Work task
Scan the records for the string "Vraag", then copy each line that has it.

Material provided section start

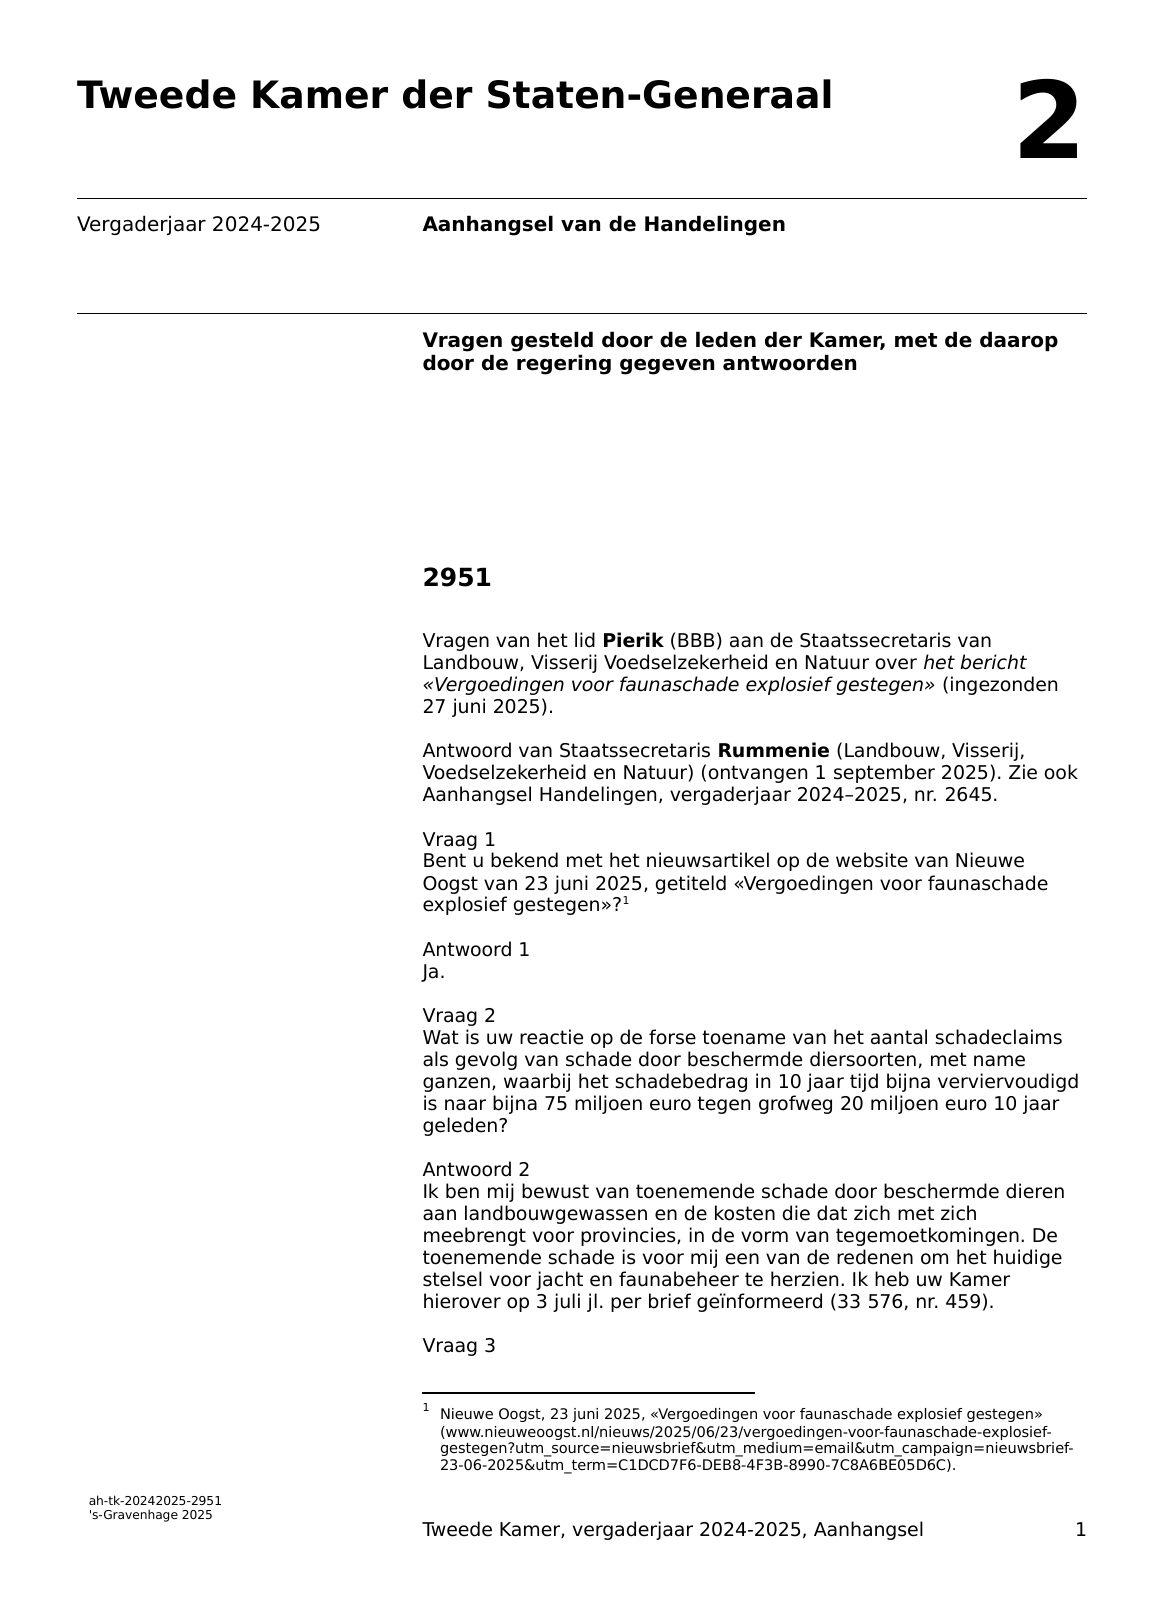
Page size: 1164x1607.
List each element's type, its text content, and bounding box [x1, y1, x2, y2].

text Wat is uw reactie op de forse toename van het aantal schadeclaims als gevolg van schade door beschermde diersoorten, met name ganzen, waarbij het schadebedrag in 10 jaar tijd bijna verviervoudigd is naar bijna 75 miljoen euro tegen grofweg 20 miljoen euro 10 jaar geleden? [422, 1027, 1087, 1137]
text Vraag 1 [422, 828, 1087, 850]
text Ik ben mij bewust van toenemende schade door beschermde dieren aan landbouwgewassen en de kosten die dat zich met zich meebrengt voor provincies, in de vorm van tegemoetkomingen. De toenemende schade is voor mij een van de redenen om het huidige stelsel voor jacht en faunabeheer te herzien. Ik heb uw Kamer hierover op 3 juli jl. per brief geïnformeerd (33 576, nr. 459). [422, 1181, 1087, 1313]
text 2951 [422, 563, 1087, 592]
text Bent u bekend met het nieuwsartikel op de website van Nieuwe Oogst van 23 juni 2025, getiteld «Vergoedingen voor faunaschade explosief gestegen»? [422, 850, 1087, 916]
text Antwoord van Staatssecretaris Rummenie (Landbouw, Visserij, Voedselzekerheid en Natuur) (ontvangen 1 september 2025). Zie ook Aanhangsel Handelingen, vergaderjaar 2024–2025, nr. 2645. [422, 740, 1087, 806]
text 's-Gravenhage 2025 [88, 1508, 323, 1522]
table_cell Aanhangsel van de Handelingen [422, 199, 1087, 313]
text ah-tk-20242025-2951 [88, 1494, 323, 1508]
table_cell Vergaderjaar 2024-2025 [77, 199, 422, 313]
text Vraag 3 [422, 1335, 1087, 1357]
text Antwoord 1 [422, 938, 1087, 961]
table_cell Vragen gesteld door de leden der Kamer, met de daarop door de regering gegeven antwoorden [422, 314, 1087, 375]
table_header 2 [886, 59, 1087, 198]
table_header Tweede Kamer der Staten-Generaal [77, 59, 886, 198]
text Vragen van het lid Pierik (BBB) aan de Staatssecretaris van Landbouw, Visserij Voedselzekerheid en Natuur over het bericht «Vergoedingen voor faunaschade explosief gestegen» (ingezonden 27 juni 2025). [422, 630, 1087, 718]
text Vraag 2 [422, 1005, 1087, 1027]
text Ja. [422, 961, 1087, 982]
text Nieuwe Oogst, 23 juni 2025, «Vergoedingen voor faunaschade explosief gestegen» (www.nieuweoogst.nl/nieuws/2025/06/23/vergoedingen-voor-faunaschade-explosief-gestegen?utm_source=nieuwsbrief&utm_medium=email&utm_campaign=nieuwsbrief-23-06-2025&utm_term=C1DCD7F6-DEB8-4F3B-8990-7C8A6BE05D6C). [422, 1402, 1087, 1474]
text Antwoord 2 [422, 1159, 1087, 1181]
table_cell [77, 314, 422, 375]
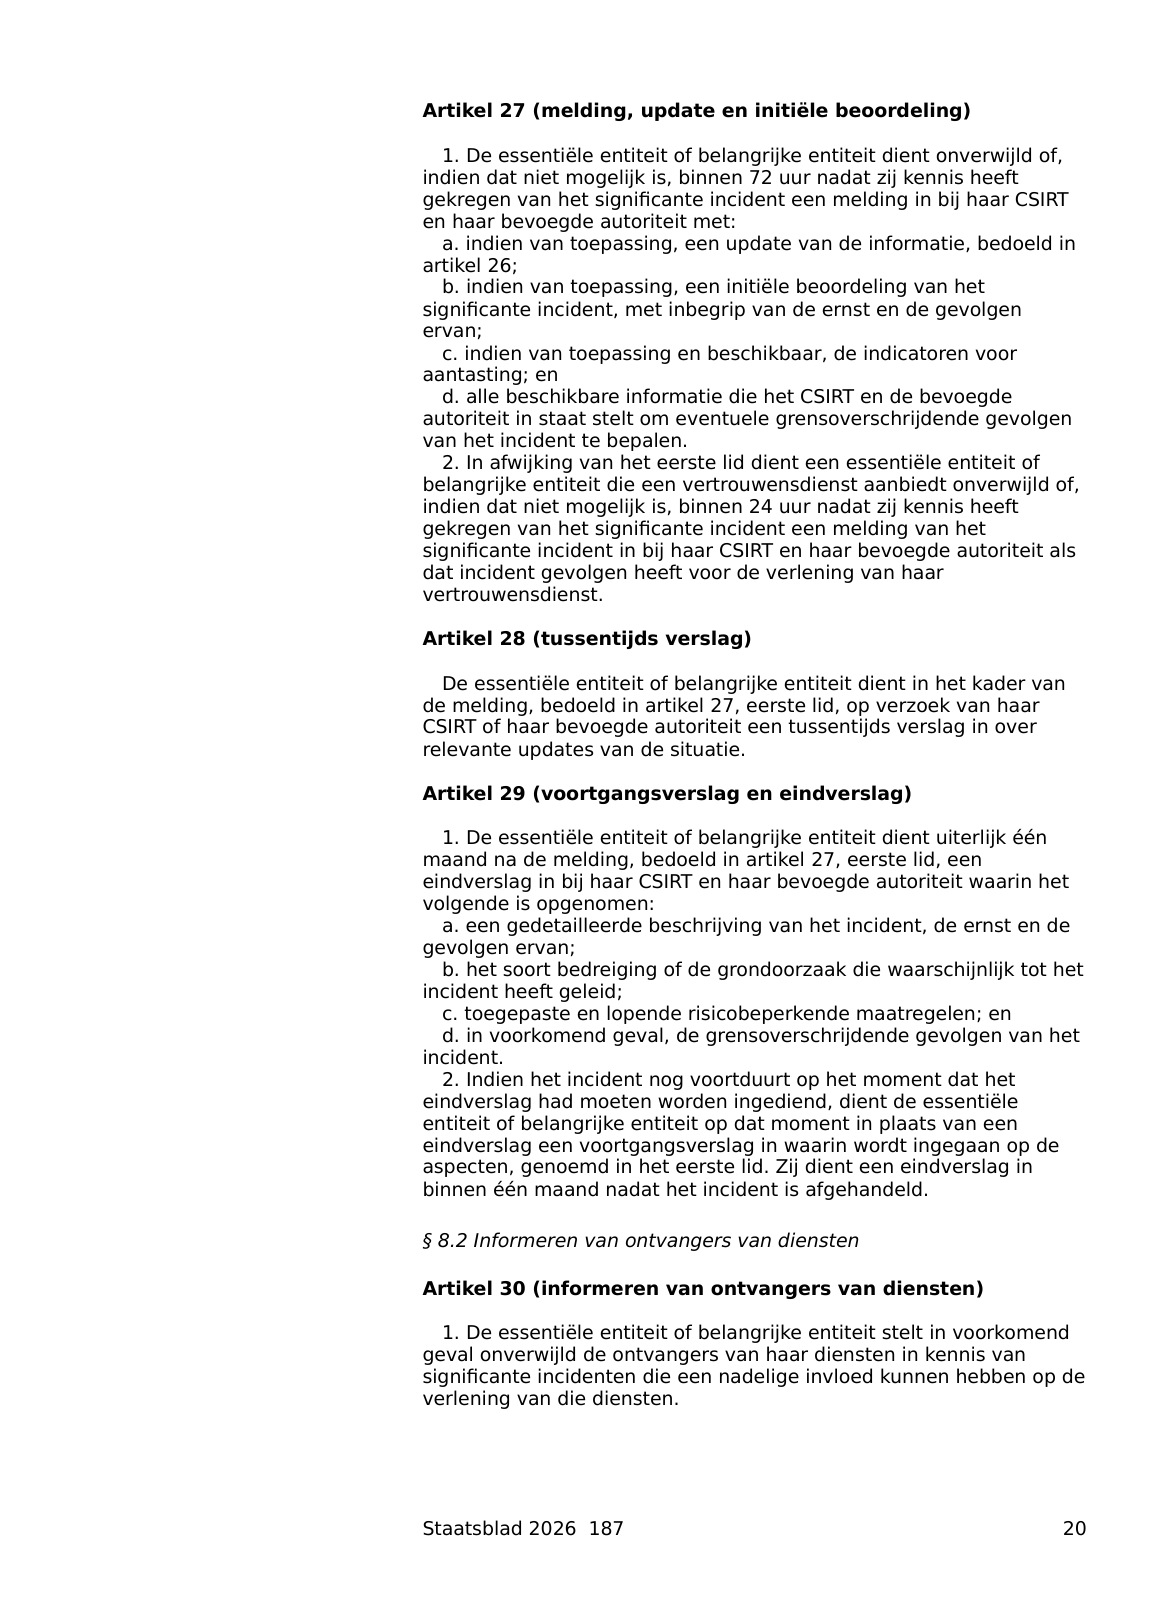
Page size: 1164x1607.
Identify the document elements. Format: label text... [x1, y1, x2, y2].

subtitle Artikel 29 (voortgangsverslag en eindverslag) [422, 783, 1087, 804]
text d. alle beschikbare informatie die het CSIRT en de bevoegde autoriteit in staat stelt om eventuele grensoverschrijdende gevolgen van het incident te bepalen. [422, 386, 1087, 452]
subtitle Artikel 27 (melding, update en initiële beoordeling) [422, 100, 1087, 122]
text De essentiële entiteit of belangrijke entiteit dient in het kader van de melding, bedoeld in artikel 27, eerste lid, op verzoek van haar CSIRT of haar bevoegde autoriteit een tussentijds verslag in over relevante updates van de situatie. [422, 672, 1087, 760]
text c. indien van toepassing en beschikbaar, de indicatoren voor aantasting; en [422, 342, 1087, 386]
text c. toegepaste en lopende risicobeperkende maatregelen; en [422, 1003, 1087, 1024]
text 1. De essentiële entiteit of belangrijke entiteit dient onverwijld of, indien dat niet mogelijk is, binnen 72 uur nadat zij kennis heeft gekregen van het significante incident een melding in bij haar CSIRT en haar bevoegde autoriteit met: [422, 144, 1087, 232]
text 1. De essentiële entiteit of belangrijke entiteit dient uiterlijk één maand na de melding, bedoeld in artikel 27, eerste lid, een eindverslag in bij haar CSIRT en haar bevoegde autoriteit waarin het volgende is opgenomen: [422, 827, 1087, 915]
text 2. Indien het incident nog voortduurt op het moment dat het eindverslag had moeten worden ingediend, dient de essentiële entiteit of belangrijke entiteit op dat moment in plaats van een eindverslag een voortgangsverslag in waarin wordt ingegaan op de aspecten, genoemd in het eerste lid. Zij dient een eindverslag in binnen één maand nadat het incident is afgehandeld. [422, 1068, 1087, 1200]
text 1. De essentiële entiteit of belangrijke entiteit stelt in voorkomend geval onverwijld de ontvangers van haar diensten in kennis van significante incidenten die een nadelige invloed kunnen hebben op de verlening van die diensten. [422, 1322, 1087, 1409]
text a. indien van toepassing, een update van de informatie, bedoeld in artikel 26; [422, 232, 1087, 276]
text d. in voorkomend geval, de grensoverschrijdende gevolgen van het incident. [422, 1024, 1087, 1068]
subtitle § 8.2 Informeren van ontvangers van diensten [422, 1230, 1087, 1252]
text a. een gedetailleerde beschrijving van het incident, de ernst en de gevolgen ervan; [422, 915, 1087, 959]
text 2. In afwijking van het eerste lid dient een essentiële entiteit of belangrijke entiteit die een vertrouwensdienst aanbiedt onverwijld of, indien dat niet mogelijk is, binnen 24 uur nadat zij kennis heeft gekregen van het significante incident een melding van het significante incident in bij haar CSIRT en haar bevoegde autoriteit als dat incident gevolgen heeft voor de verlening van haar vertrouwensdienst. [422, 452, 1087, 606]
subtitle Artikel 30 (informeren van ontvangers van diensten) [422, 1277, 1087, 1299]
text b. indien van toepassing, een initiële beoordeling van het significante incident, met inbegrip van de ernst en de gevolgen ervan; [422, 276, 1087, 342]
subtitle Artikel 28 (tussentijds verslag) [422, 628, 1087, 650]
text b. het soort bedreiging of de grondoorzaak die waarschijnlijk tot het incident heeft geleid; [422, 959, 1087, 1003]

Material provided section end

Output of the exercise
text Vraag 1 [422, 828, 1087, 850]
text Vraag 3 [422, 1335, 1087, 1357]
text Vraag 2 [422, 1005, 1087, 1027]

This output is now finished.